Why the fuss? In 1844 Forrester had published a pamphlet on the wine trade, entitled ‘A Word or two on Port Wine,’ anonymously. Eight editions sold like hot cakes as readers delighted in the exposure of malpractice across an industry using corrupt practices to grow the trade. This lead to an invitation to the select committee from which a regulation of this most English of drinks took shape.

 

He continued to write on this and other practical subjects, publishing tracts on the vine disease, improved manufacture of olive oil and was awarded at the Universal Exhibition in Paris in 1855 the silver medal for his work on standards.
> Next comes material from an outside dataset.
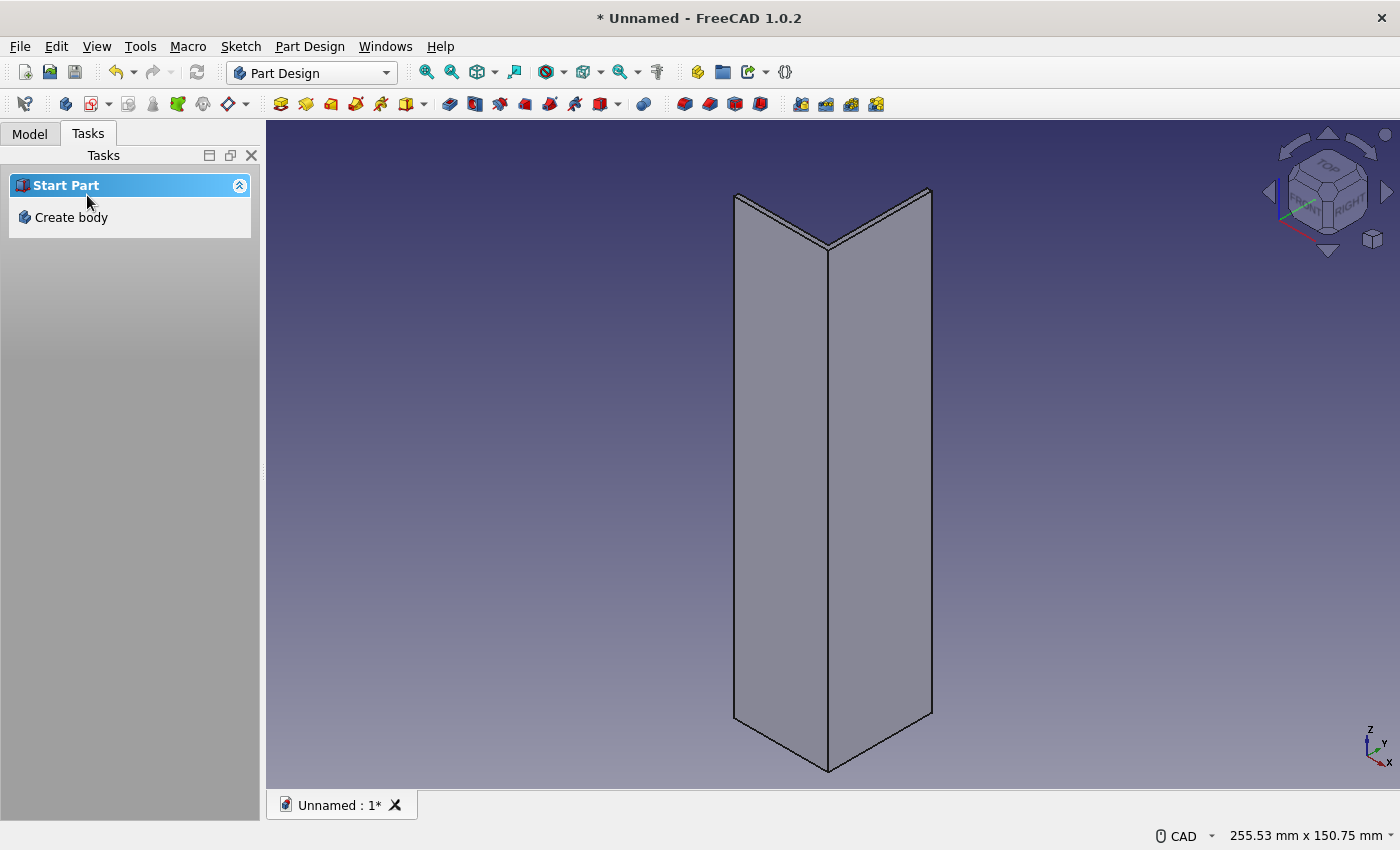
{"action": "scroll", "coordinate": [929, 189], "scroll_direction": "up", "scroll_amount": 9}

He was named Baron de Forrester for life by Ferdinand II of Portugal in 1855. Forrester was also made knight commander of the orders of Christ and Isabella la Catolica, and received the cross of chevalier of various orders of his adopted country. He was member of the Royal Academies of Lisbon and Oporto, of the Royal Academy of Sciences of Turin, of the English Society of Antiquaries, of the Royal Geographical Societies of London, Paris, and Berlin, and received the highest gold medals reserved for learned foreigners by the pope and by the emperors of Russia, Austria, and France.

 

Joseph James Forrester was a trail blazer in evidence based standards for food and drink way before legislation in England caught up with the need.